You can also opt to look at future projects that are in the planning stage and are being started. These will help you determine whether or not you are making the right decision in buying this condo unit.
- What are the delinquency rates with regard to monthly payments of the condo unit and the association dues?
This information will tell you whether or not the current condo owners are satisfied with their condo unit as well as feel content with living in the condo building. Continuous payments, specifically those that are made on time, tell you that the owners are happy and that the condo association is well funded to continuously provide utmost service to the condo unit owners.
- Do they have a repair fund? How much is it at the moment?
This fund is used to pay for emergency repairs and replacements of vital parts of the condo building including the roof, playing courts, yards, and others. You want to know these details as this will help prove to you that the condo association is well funded.
- What does the insurance cover?
This is a critical aspect of a condo purchase. You need to know everything that comes with the insurance you’ll be paying for before you actually pay for the condo unit. You can ask for a copy of the certificate of insurance – along with a summary of the association’s policy.

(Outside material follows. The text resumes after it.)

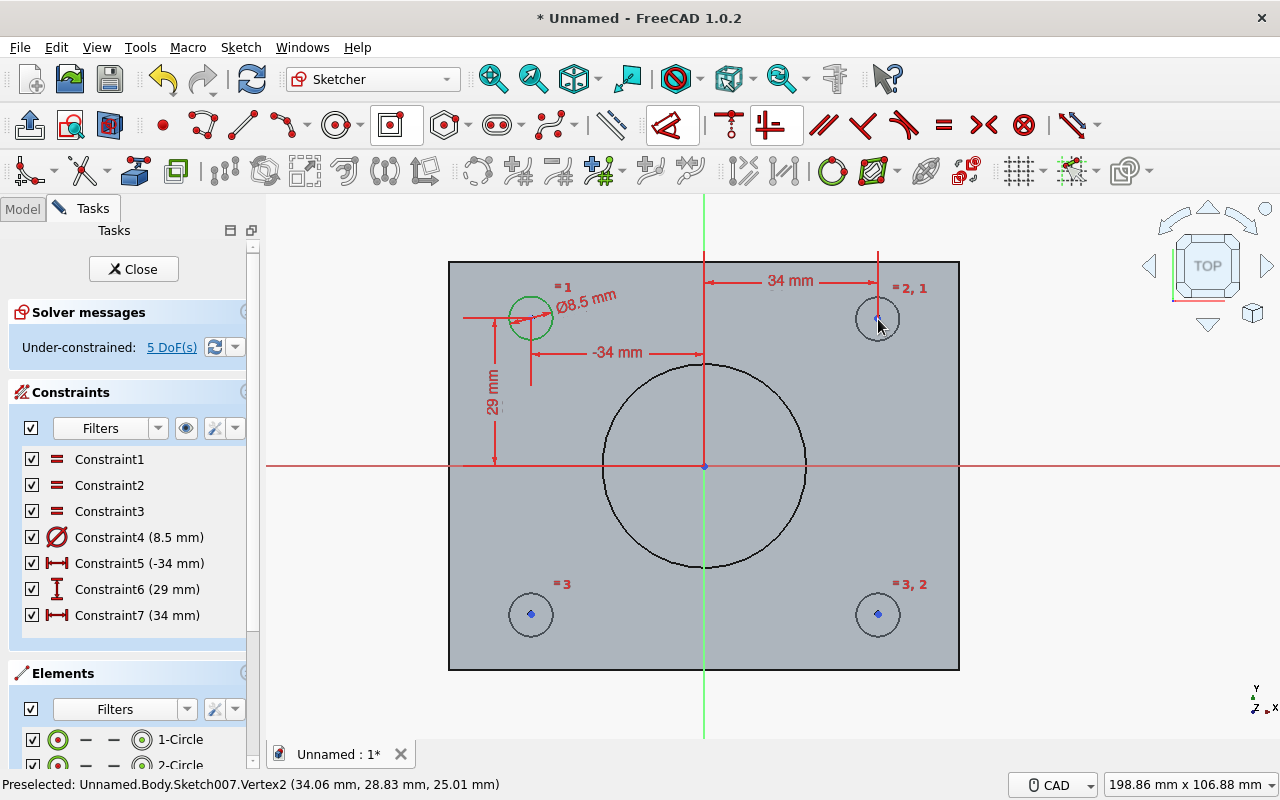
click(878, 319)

You will then need to ensure that the replacement costs are nearly the same as the actual rebuilding costs. Read the entire certificate of insurance along with the association’s policy as this will help you gain a better understanding of your responsibilities as a condo owner and the benefits and other services that you are entitled to as part of the purchase.
- Does the condo association allow renters?
Because you’re going to be venturing into this condo investing to obtain an additional income source, you are most likely going to be renting it out. Hence, you need to confirm whether or not they allow renters. Aside from this, you also need to check if the location of the condo building and the condo building itself is conducive to renters.
Discover more condo investing tips by contacting Jerry Pinkas Real Estate Experts.
Jerry Pinkas Real Estate Experts
604 N. 27th Ave
Myrtle Beach, SC 29577
Your condo investing partners!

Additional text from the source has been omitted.